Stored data
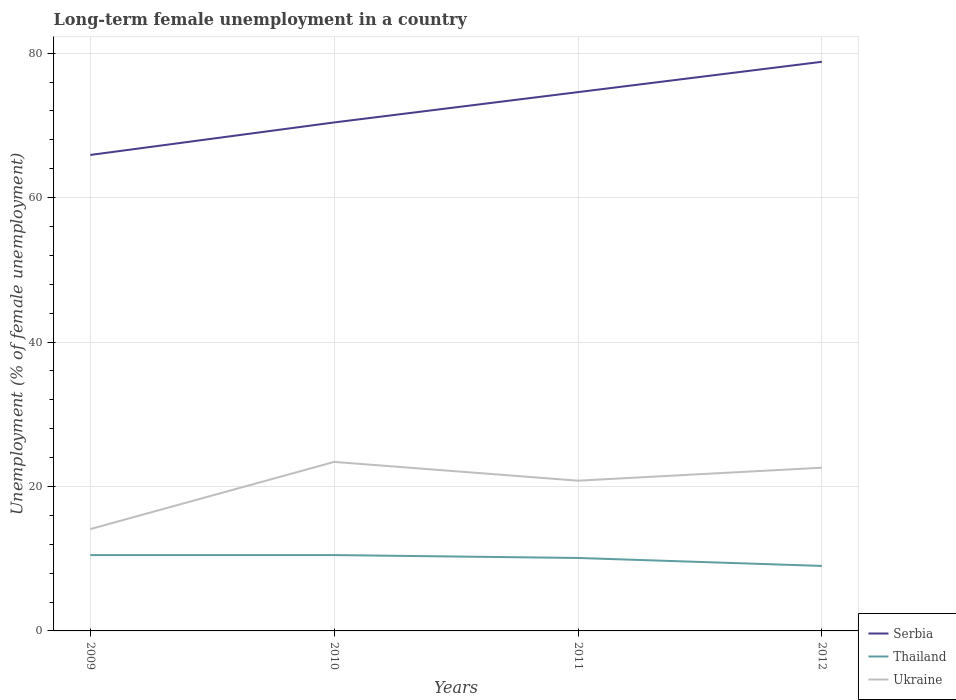In which year was the percentage of long-term unemployed female population in Thailand maximum?
Keep it short and to the point. 2012. What is the total percentage of long-term unemployed female population in Thailand in the graph?
Ensure brevity in your answer.  0.4. How many lines are there?
Your answer should be compact. 3. Does the graph contain any zero values?
Provide a short and direct response. No. Where does the legend appear in the graph?
Offer a very short reply. Bottom right. How many legend labels are there?
Offer a terse response. 3. What is the title of the graph?
Provide a short and direct response. Long-term female unemployment in a country. Does "Panama" appear as one of the legend labels in the graph?
Make the answer very short. No. What is the label or title of the Y-axis?
Offer a very short reply. Unemployment (% of female unemployment). What is the Unemployment (% of female unemployment) in Serbia in 2009?
Offer a terse response. 65.9. What is the Unemployment (% of female unemployment) of Ukraine in 2009?
Offer a terse response. 14.1. What is the Unemployment (% of female unemployment) in Serbia in 2010?
Ensure brevity in your answer.  70.4. What is the Unemployment (% of female unemployment) of Ukraine in 2010?
Make the answer very short. 23.4. What is the Unemployment (% of female unemployment) in Serbia in 2011?
Keep it short and to the point. 74.6. What is the Unemployment (% of female unemployment) in Thailand in 2011?
Your answer should be compact. 10.1. What is the Unemployment (% of female unemployment) in Ukraine in 2011?
Give a very brief answer. 20.8. What is the Unemployment (% of female unemployment) in Serbia in 2012?
Provide a succinct answer. 78.8. What is the Unemployment (% of female unemployment) of Thailand in 2012?
Make the answer very short. 9. What is the Unemployment (% of female unemployment) of Ukraine in 2012?
Offer a terse response. 22.6. Across all years, what is the maximum Unemployment (% of female unemployment) in Serbia?
Make the answer very short. 78.8. Across all years, what is the maximum Unemployment (% of female unemployment) in Thailand?
Your answer should be compact. 10.5. Across all years, what is the maximum Unemployment (% of female unemployment) of Ukraine?
Offer a terse response. 23.4. Across all years, what is the minimum Unemployment (% of female unemployment) in Serbia?
Your answer should be very brief. 65.9. Across all years, what is the minimum Unemployment (% of female unemployment) in Ukraine?
Ensure brevity in your answer.  14.1. What is the total Unemployment (% of female unemployment) in Serbia in the graph?
Give a very brief answer. 289.7. What is the total Unemployment (% of female unemployment) of Thailand in the graph?
Your response must be concise. 40.1. What is the total Unemployment (% of female unemployment) in Ukraine in the graph?
Offer a very short reply. 80.9. What is the difference between the Unemployment (% of female unemployment) in Serbia in 2009 and that in 2010?
Your answer should be very brief. -4.5. What is the difference between the Unemployment (% of female unemployment) of Thailand in 2009 and that in 2010?
Make the answer very short. 0. What is the difference between the Unemployment (% of female unemployment) in Serbia in 2009 and that in 2011?
Your answer should be compact. -8.7. What is the difference between the Unemployment (% of female unemployment) of Serbia in 2009 and that in 2012?
Keep it short and to the point. -12.9. What is the difference between the Unemployment (% of female unemployment) in Thailand in 2010 and that in 2012?
Your response must be concise. 1.5. What is the difference between the Unemployment (% of female unemployment) of Ukraine in 2010 and that in 2012?
Ensure brevity in your answer.  0.8. What is the difference between the Unemployment (% of female unemployment) of Ukraine in 2011 and that in 2012?
Your answer should be very brief. -1.8. What is the difference between the Unemployment (% of female unemployment) of Serbia in 2009 and the Unemployment (% of female unemployment) of Thailand in 2010?
Give a very brief answer. 55.4. What is the difference between the Unemployment (% of female unemployment) in Serbia in 2009 and the Unemployment (% of female unemployment) in Ukraine in 2010?
Your response must be concise. 42.5. What is the difference between the Unemployment (% of female unemployment) of Serbia in 2009 and the Unemployment (% of female unemployment) of Thailand in 2011?
Ensure brevity in your answer.  55.8. What is the difference between the Unemployment (% of female unemployment) of Serbia in 2009 and the Unemployment (% of female unemployment) of Ukraine in 2011?
Give a very brief answer. 45.1. What is the difference between the Unemployment (% of female unemployment) of Thailand in 2009 and the Unemployment (% of female unemployment) of Ukraine in 2011?
Give a very brief answer. -10.3. What is the difference between the Unemployment (% of female unemployment) in Serbia in 2009 and the Unemployment (% of female unemployment) in Thailand in 2012?
Provide a succinct answer. 56.9. What is the difference between the Unemployment (% of female unemployment) in Serbia in 2009 and the Unemployment (% of female unemployment) in Ukraine in 2012?
Offer a very short reply. 43.3. What is the difference between the Unemployment (% of female unemployment) in Serbia in 2010 and the Unemployment (% of female unemployment) in Thailand in 2011?
Keep it short and to the point. 60.3. What is the difference between the Unemployment (% of female unemployment) in Serbia in 2010 and the Unemployment (% of female unemployment) in Ukraine in 2011?
Give a very brief answer. 49.6. What is the difference between the Unemployment (% of female unemployment) in Serbia in 2010 and the Unemployment (% of female unemployment) in Thailand in 2012?
Ensure brevity in your answer.  61.4. What is the difference between the Unemployment (% of female unemployment) in Serbia in 2010 and the Unemployment (% of female unemployment) in Ukraine in 2012?
Offer a very short reply. 47.8. What is the difference between the Unemployment (% of female unemployment) of Thailand in 2010 and the Unemployment (% of female unemployment) of Ukraine in 2012?
Keep it short and to the point. -12.1. What is the difference between the Unemployment (% of female unemployment) in Serbia in 2011 and the Unemployment (% of female unemployment) in Thailand in 2012?
Ensure brevity in your answer.  65.6. What is the difference between the Unemployment (% of female unemployment) in Serbia in 2011 and the Unemployment (% of female unemployment) in Ukraine in 2012?
Keep it short and to the point. 52. What is the difference between the Unemployment (% of female unemployment) in Thailand in 2011 and the Unemployment (% of female unemployment) in Ukraine in 2012?
Offer a very short reply. -12.5. What is the average Unemployment (% of female unemployment) in Serbia per year?
Ensure brevity in your answer.  72.42. What is the average Unemployment (% of female unemployment) of Thailand per year?
Make the answer very short. 10.03. What is the average Unemployment (% of female unemployment) in Ukraine per year?
Offer a terse response. 20.23. In the year 2009, what is the difference between the Unemployment (% of female unemployment) in Serbia and Unemployment (% of female unemployment) in Thailand?
Offer a terse response. 55.4. In the year 2009, what is the difference between the Unemployment (% of female unemployment) of Serbia and Unemployment (% of female unemployment) of Ukraine?
Your answer should be compact. 51.8. In the year 2009, what is the difference between the Unemployment (% of female unemployment) of Thailand and Unemployment (% of female unemployment) of Ukraine?
Provide a succinct answer. -3.6. In the year 2010, what is the difference between the Unemployment (% of female unemployment) in Serbia and Unemployment (% of female unemployment) in Thailand?
Your response must be concise. 59.9. In the year 2010, what is the difference between the Unemployment (% of female unemployment) of Serbia and Unemployment (% of female unemployment) of Ukraine?
Your answer should be compact. 47. In the year 2010, what is the difference between the Unemployment (% of female unemployment) of Thailand and Unemployment (% of female unemployment) of Ukraine?
Provide a short and direct response. -12.9. In the year 2011, what is the difference between the Unemployment (% of female unemployment) in Serbia and Unemployment (% of female unemployment) in Thailand?
Ensure brevity in your answer.  64.5. In the year 2011, what is the difference between the Unemployment (% of female unemployment) in Serbia and Unemployment (% of female unemployment) in Ukraine?
Ensure brevity in your answer.  53.8. In the year 2011, what is the difference between the Unemployment (% of female unemployment) of Thailand and Unemployment (% of female unemployment) of Ukraine?
Offer a very short reply. -10.7. In the year 2012, what is the difference between the Unemployment (% of female unemployment) in Serbia and Unemployment (% of female unemployment) in Thailand?
Provide a succinct answer. 69.8. In the year 2012, what is the difference between the Unemployment (% of female unemployment) of Serbia and Unemployment (% of female unemployment) of Ukraine?
Give a very brief answer. 56.2. What is the ratio of the Unemployment (% of female unemployment) of Serbia in 2009 to that in 2010?
Offer a terse response. 0.94. What is the ratio of the Unemployment (% of female unemployment) in Ukraine in 2009 to that in 2010?
Keep it short and to the point. 0.6. What is the ratio of the Unemployment (% of female unemployment) of Serbia in 2009 to that in 2011?
Offer a very short reply. 0.88. What is the ratio of the Unemployment (% of female unemployment) in Thailand in 2009 to that in 2011?
Your answer should be compact. 1.04. What is the ratio of the Unemployment (% of female unemployment) of Ukraine in 2009 to that in 2011?
Ensure brevity in your answer.  0.68. What is the ratio of the Unemployment (% of female unemployment) in Serbia in 2009 to that in 2012?
Your response must be concise. 0.84. What is the ratio of the Unemployment (% of female unemployment) in Ukraine in 2009 to that in 2012?
Make the answer very short. 0.62. What is the ratio of the Unemployment (% of female unemployment) of Serbia in 2010 to that in 2011?
Keep it short and to the point. 0.94. What is the ratio of the Unemployment (% of female unemployment) in Thailand in 2010 to that in 2011?
Your answer should be very brief. 1.04. What is the ratio of the Unemployment (% of female unemployment) of Serbia in 2010 to that in 2012?
Give a very brief answer. 0.89. What is the ratio of the Unemployment (% of female unemployment) in Ukraine in 2010 to that in 2012?
Offer a very short reply. 1.04. What is the ratio of the Unemployment (% of female unemployment) in Serbia in 2011 to that in 2012?
Your response must be concise. 0.95. What is the ratio of the Unemployment (% of female unemployment) in Thailand in 2011 to that in 2012?
Your answer should be compact. 1.12. What is the ratio of the Unemployment (% of female unemployment) in Ukraine in 2011 to that in 2012?
Provide a succinct answer. 0.92. What is the difference between the highest and the second highest Unemployment (% of female unemployment) in Serbia?
Give a very brief answer. 4.2. What is the difference between the highest and the lowest Unemployment (% of female unemployment) of Serbia?
Your answer should be compact. 12.9. What is the difference between the highest and the lowest Unemployment (% of female unemployment) of Thailand?
Keep it short and to the point. 1.5. 
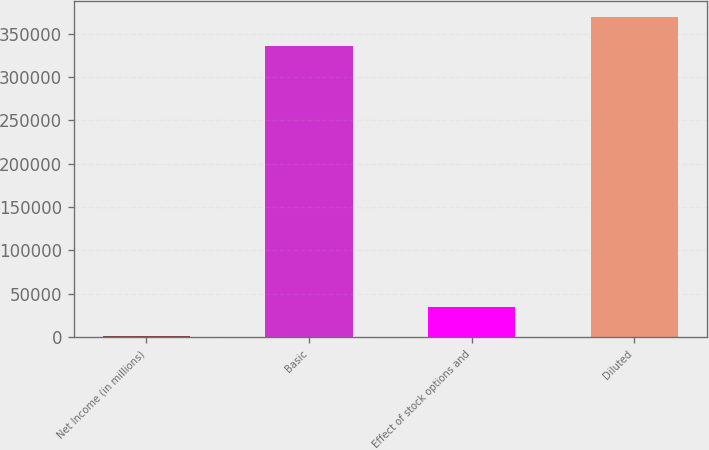<chart> <loc_0><loc_0><loc_500><loc_500><bar_chart><fcel>Net Income (in millions)<fcel>Basic<fcel>Effect of stock options and<fcel>Diluted<nl><fcel>1247<fcel>336224<fcel>34911.7<fcel>369889<nl></chart> 
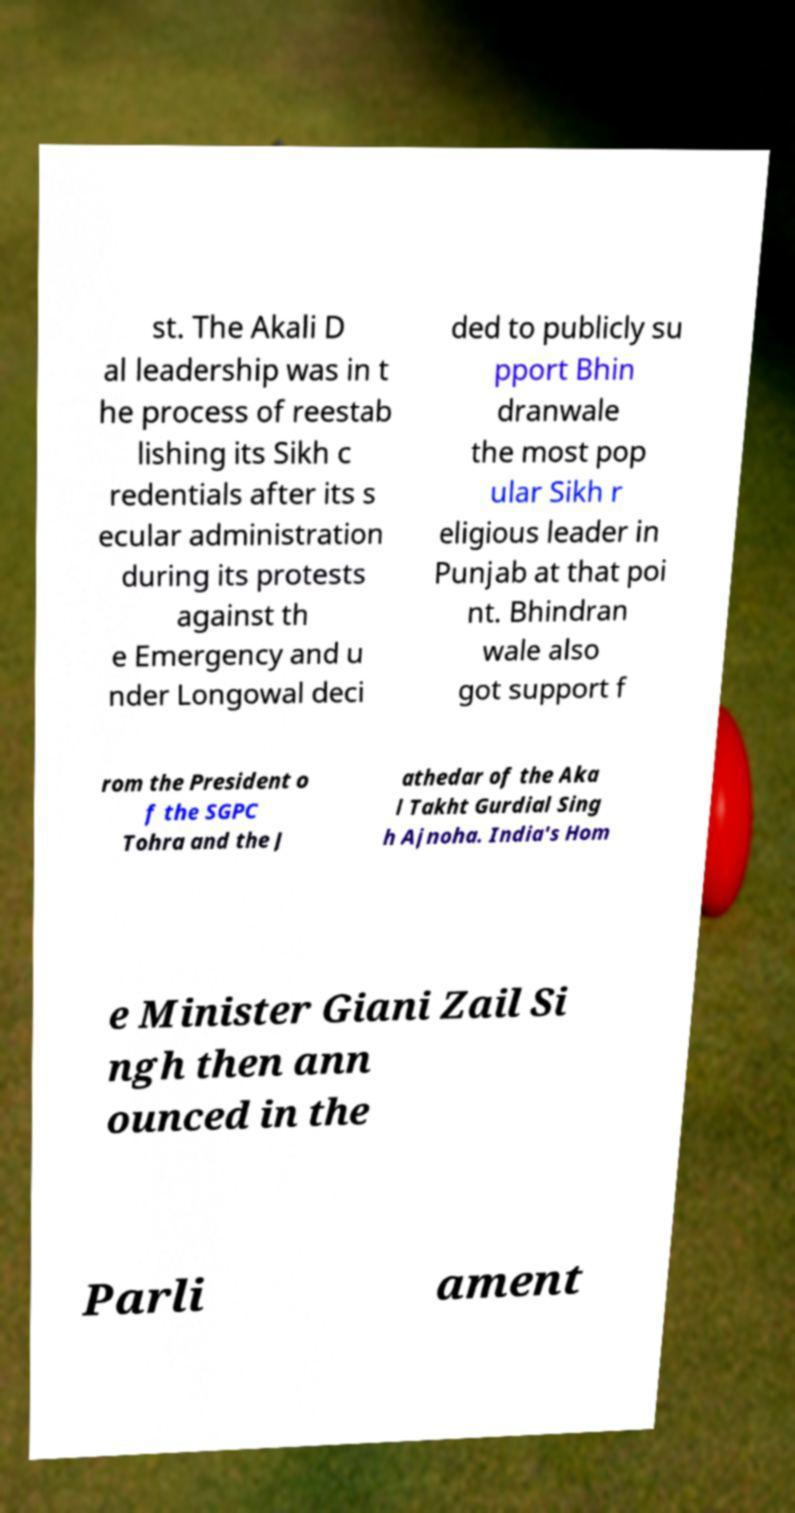Could you assist in decoding the text presented in this image and type it out clearly? st. The Akali D al leadership was in t he process of reestab lishing its Sikh c redentials after its s ecular administration during its protests against th e Emergency and u nder Longowal deci ded to publicly su pport Bhin dranwale the most pop ular Sikh r eligious leader in Punjab at that poi nt. Bhindran wale also got support f rom the President o f the SGPC Tohra and the J athedar of the Aka l Takht Gurdial Sing h Ajnoha. India's Hom e Minister Giani Zail Si ngh then ann ounced in the Parli ament

* ABOUT THIS TASK
From the data above, reproduce word for word the lines running from the line with "Give a very brief answer. 56.2." to the line with "Give a very brief answer. 4.2.", ends included.

* RESULT OF THE TASK
Give a very brief answer. 56.2. What is the ratio of the Unemployment (% of female unemployment) of Serbia in 2009 to that in 2010?
Offer a terse response. 0.94. What is the ratio of the Unemployment (% of female unemployment) in Ukraine in 2009 to that in 2010?
Keep it short and to the point. 0.6. What is the ratio of the Unemployment (% of female unemployment) of Serbia in 2009 to that in 2011?
Offer a very short reply. 0.88. What is the ratio of the Unemployment (% of female unemployment) in Thailand in 2009 to that in 2011?
Your answer should be compact. 1.04. What is the ratio of the Unemployment (% of female unemployment) of Ukraine in 2009 to that in 2011?
Ensure brevity in your answer.  0.68. What is the ratio of the Unemployment (% of female unemployment) in Serbia in 2009 to that in 2012?
Your response must be concise. 0.84. What is the ratio of the Unemployment (% of female unemployment) in Ukraine in 2009 to that in 2012?
Make the answer very short. 0.62. What is the ratio of the Unemployment (% of female unemployment) of Serbia in 2010 to that in 2011?
Keep it short and to the point. 0.94. What is the ratio of the Unemployment (% of female unemployment) in Thailand in 2010 to that in 2011?
Your answer should be very brief. 1.04. What is the ratio of the Unemployment (% of female unemployment) of Serbia in 2010 to that in 2012?
Give a very brief answer. 0.89. What is the ratio of the Unemployment (% of female unemployment) in Ukraine in 2010 to that in 2012?
Offer a very short reply. 1.04. What is the ratio of the Unemployment (% of female unemployment) in Serbia in 2011 to that in 2012?
Your response must be concise. 0.95. What is the ratio of the Unemployment (% of female unemployment) in Thailand in 2011 to that in 2012?
Your answer should be compact. 1.12. What is the ratio of the Unemployment (% of female unemployment) in Ukraine in 2011 to that in 2012?
Provide a succinct answer. 0.92. What is the difference between the highest and the second highest Unemployment (% of female unemployment) in Serbia?
Give a very brief answer. 4.2. What is the difference between the highest and the lowest Unemployment (% of female unemployment) of Serbia?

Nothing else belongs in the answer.